_Exercise aim:_
Below are records to repeat exactly; copy them without the pictures.

(Data items)
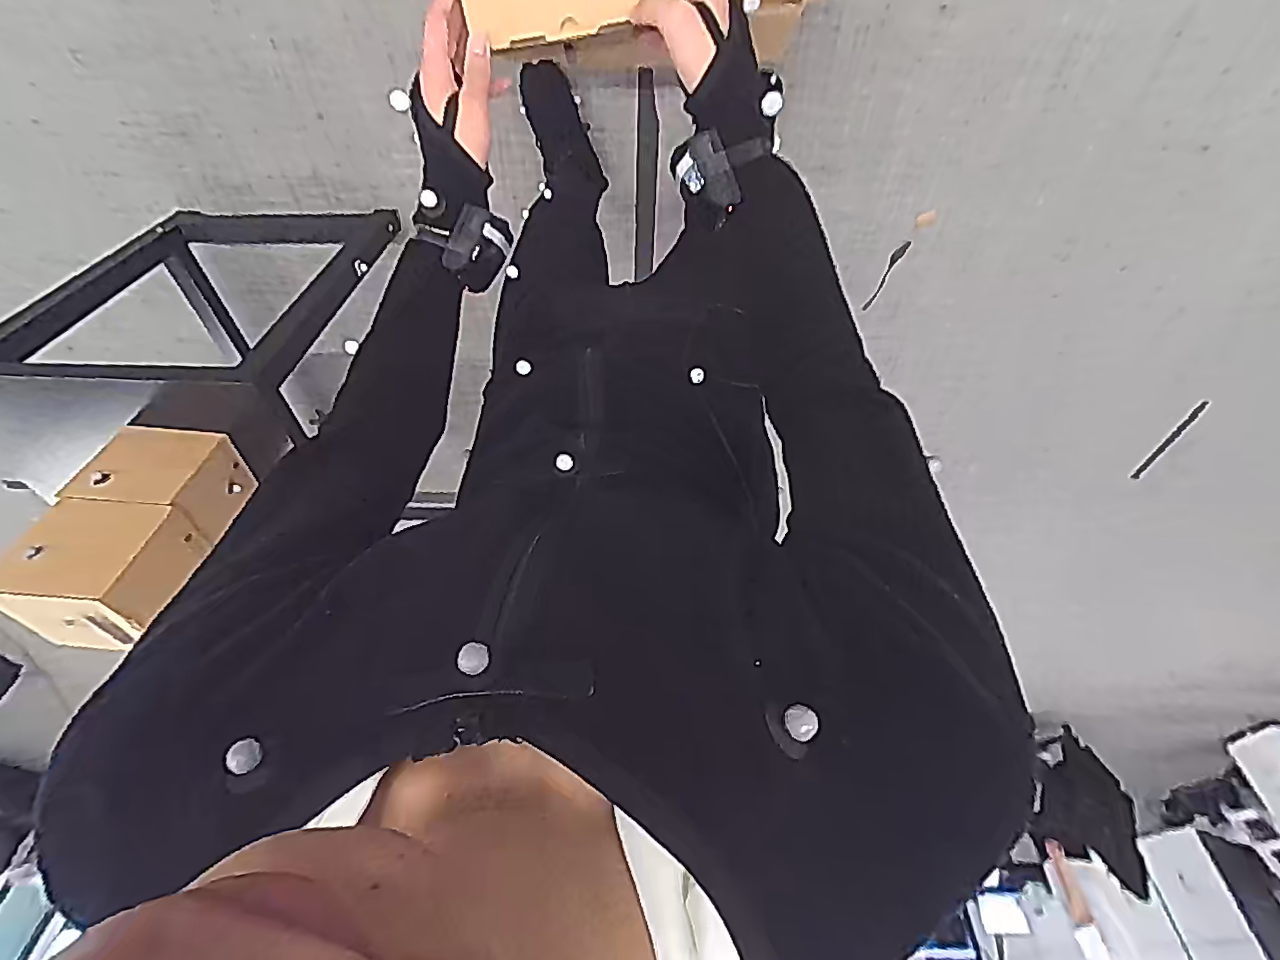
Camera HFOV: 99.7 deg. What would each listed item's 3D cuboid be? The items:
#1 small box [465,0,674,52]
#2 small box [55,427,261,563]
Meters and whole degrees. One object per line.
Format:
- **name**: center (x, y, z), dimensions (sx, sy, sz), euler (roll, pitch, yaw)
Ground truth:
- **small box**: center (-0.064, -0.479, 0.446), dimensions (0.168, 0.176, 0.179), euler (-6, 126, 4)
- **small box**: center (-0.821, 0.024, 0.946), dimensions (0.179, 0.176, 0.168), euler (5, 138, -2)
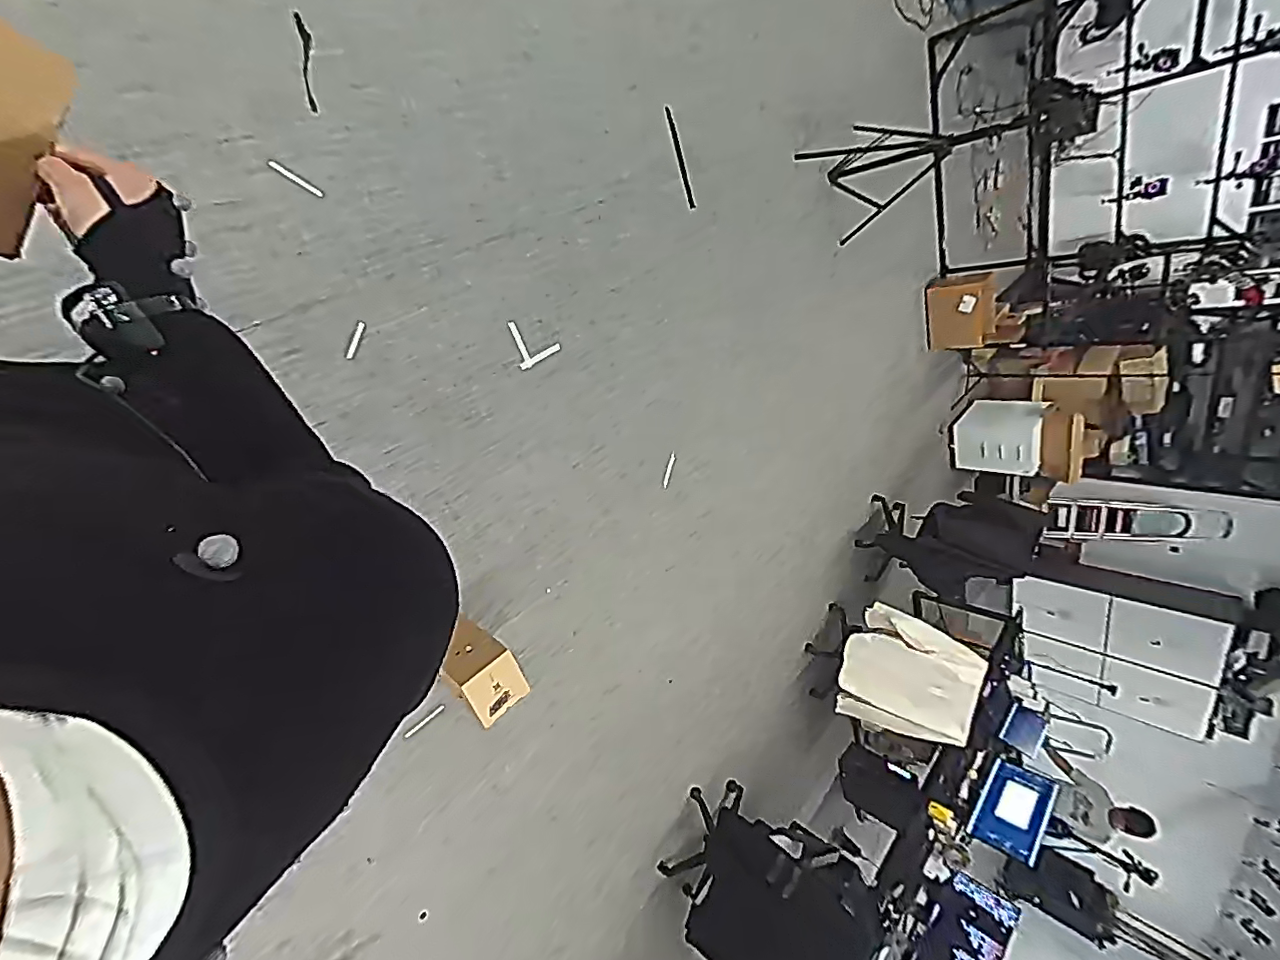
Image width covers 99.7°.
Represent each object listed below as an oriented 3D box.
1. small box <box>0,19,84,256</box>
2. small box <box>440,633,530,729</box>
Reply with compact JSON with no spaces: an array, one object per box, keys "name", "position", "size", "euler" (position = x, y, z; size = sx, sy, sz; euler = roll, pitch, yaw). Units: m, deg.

_Response to this task:_
Camera HFOV: 99.7 deg. What would each listed item's 3D cuboid be? The items:
#1 small box [465,0,674,52]
#2 small box [55,427,261,563]
Meters and whole degrees. One object per line.
Format:
- **name**: center (x, y, z), dimensions (sx, sy, sz), euler (roll, pitch, yaw)
Ground truth:
- **small box**: center (-0.064, -0.479, 0.446), dimensions (0.168, 0.176, 0.179), euler (-6, 126, 4)
- **small box**: center (-0.821, 0.024, 0.946), dimensions (0.179, 0.176, 0.168), euler (5, 138, -2)
Image width covers 99.7°.
Represent each object listed below as an oriented 3D box.
1. small box <box>0,19,84,256</box>
2. small box <box>440,633,530,729</box>
Reply with compact JSON with no spaces: an array, one object per box, keys "name", "position", "size", "euler" (position = x, y, z; size = sx, sy, sz; euler = roll, pitch, yaw). Units: m, deg.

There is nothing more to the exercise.